Much has been penned about how Facebook, Twitter, LinkedIn and other social networking tools hinder and help productivity in the enterprise.
Some users spend too much time on these Websites; others leverage them for sales and networking opportunities that boost the corporate bottom line. But what about the impact of social software and the Internet at large on users’ social lives?
It’s actually quite fine, according to new research from the Pew Research Center’s Internet & American Life Project and Elon University’s Imagining the Internet Center. Pew and Elon found that 85 percent of 895 “technology stakeholders” and pundits agreed with the premise:
“In 2020, when I look at the big picture and consider my personal friendships, marriage and other relationships, I see that the Internet has mostly been a positive force on my social world. And this will only grow more true in the future.”
Social benefits of Internet use will far outstrip the negatives over the next decade because e-mail, social networks and other Web services offer low-friction ways to forge and rediscover social ties that make a difference in people’s lives.
While this may smack of new-age truism, the Web can lower the communications constraints of cost, geography and time while allowing people to share tremendous amounts of data.
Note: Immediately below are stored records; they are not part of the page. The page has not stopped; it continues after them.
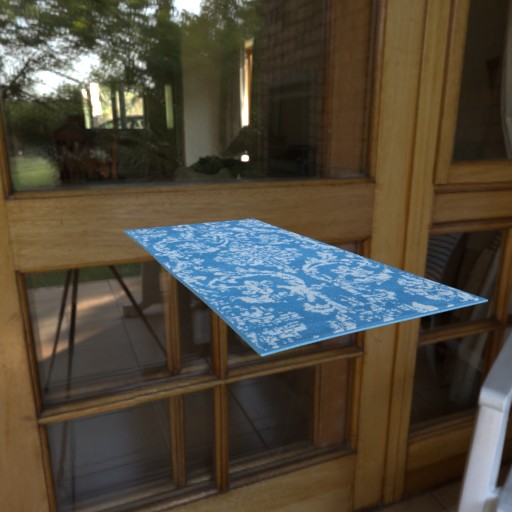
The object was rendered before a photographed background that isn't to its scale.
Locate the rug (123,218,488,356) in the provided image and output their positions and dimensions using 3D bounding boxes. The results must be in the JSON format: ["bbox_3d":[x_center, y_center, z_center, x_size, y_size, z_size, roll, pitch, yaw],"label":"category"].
[{"bbox_3d":[0.000,0.000,1.435,0.604,0.007,1.219,-8,17,-26],"label":"rug"}]
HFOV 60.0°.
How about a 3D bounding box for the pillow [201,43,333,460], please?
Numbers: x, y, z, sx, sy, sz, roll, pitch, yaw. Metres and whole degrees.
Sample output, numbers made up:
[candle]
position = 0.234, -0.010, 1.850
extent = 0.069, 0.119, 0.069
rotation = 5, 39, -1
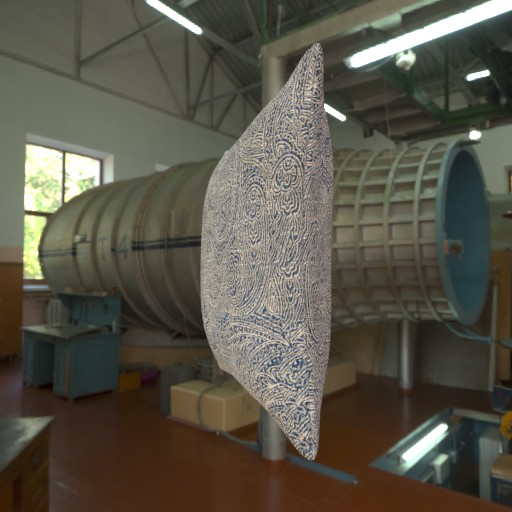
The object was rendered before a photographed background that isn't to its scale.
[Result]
[pillow]
position = 0.000, 0.000, 0.787
extent = 0.166, 0.510, 0.523
rotation = 1, -2, -16

Facebook, Twitter and LinkedIn are free, as are Google’s many socially infused applications, such as Google Docs, YouTube, Google Buzz and Google Latitude.
Google and Yahoo proved that such Internet companies can pair content and services with online advertising to offer their services gratis for users.
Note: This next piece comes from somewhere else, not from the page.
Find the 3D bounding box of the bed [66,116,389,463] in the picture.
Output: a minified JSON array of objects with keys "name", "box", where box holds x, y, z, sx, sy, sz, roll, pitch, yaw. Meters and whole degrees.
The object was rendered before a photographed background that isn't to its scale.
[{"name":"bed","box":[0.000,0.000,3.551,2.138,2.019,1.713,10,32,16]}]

In short, the barrier to entry is low while the personal satisfaction derived from using the Web services is high. If this wasn’t the case, people wouldn’t go there.
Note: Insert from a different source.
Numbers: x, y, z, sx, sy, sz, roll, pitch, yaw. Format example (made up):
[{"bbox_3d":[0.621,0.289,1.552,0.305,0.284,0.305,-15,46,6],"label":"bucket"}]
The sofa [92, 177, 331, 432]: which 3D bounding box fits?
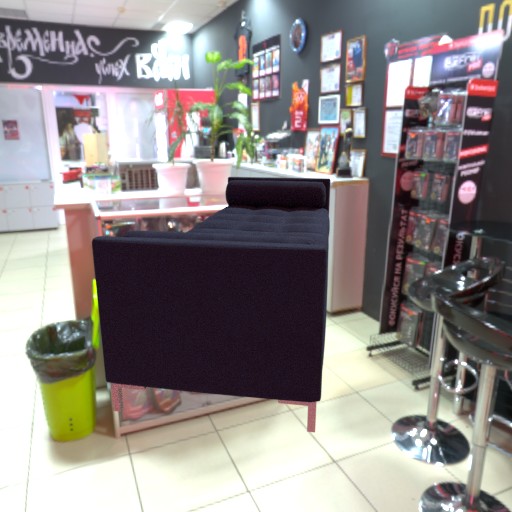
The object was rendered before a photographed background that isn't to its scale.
[{"bbox_3d":[0.000,0.000,2.461,0.797,0.657,2.102,3,16,9],"label":"sofa"}]

Case in point: MySpace. Once the largest social network in the world, the Website has lost relevance while Facebook’s membership has soared to 500 million users.
Of course, there are cons to the many pros. Obvious arguments against social tools are that spending too much time on the Web decreases the number of face-to-face relationships, stymies exposure to new ideas (the walled garden within the network idea) and threatens to erode privacy.
To reach their conclusions, Pew and Elon didn’t just pick people off of the street. The think tanks recruited through e-mail, Facebook and Twitter Internet culture experts and authors Clay Shirky, Esther Dyson, Nicholas Carr and Craigslist founder Craig Newmark, among other luminaries in the high-tech industry.
Newmark noted: “The Net is about people connecting online, for commerce, politics and personally, and we already see that enhances real-life relationships. Location-based social networking, in particular, will be a big part of our lives.”
“There’s no escaping people anymore, and I believe that will yield better relationships,” said Jeff Jarvis, author of “What Would Google Do?” and associate professor and director of the interactive journalism program at the City University of New York’s Graduate School of Journalism.
Moreover, many of these thought leaders said they expect technological advances to continue to change social relations online.
For example, experts believe holographic displays, secure and trusted quantum/biometric security, collaborative visualization tools, unlimited cloud storage, open networks fueled by semantic Web tools, and instant thought transmission in a telepathic format are on tap.
The latter technology sounds like something out of the “X-Files,” but it gives one an idea of what people envision for the intersection of where social meets Web.
Ultimately, what this means is that when Facebook and other Internet companies get called to the carpet in front of Congress over transgressions against consumer privacy, they will have some ammunition to argue for the benefits of social networking and related Web services.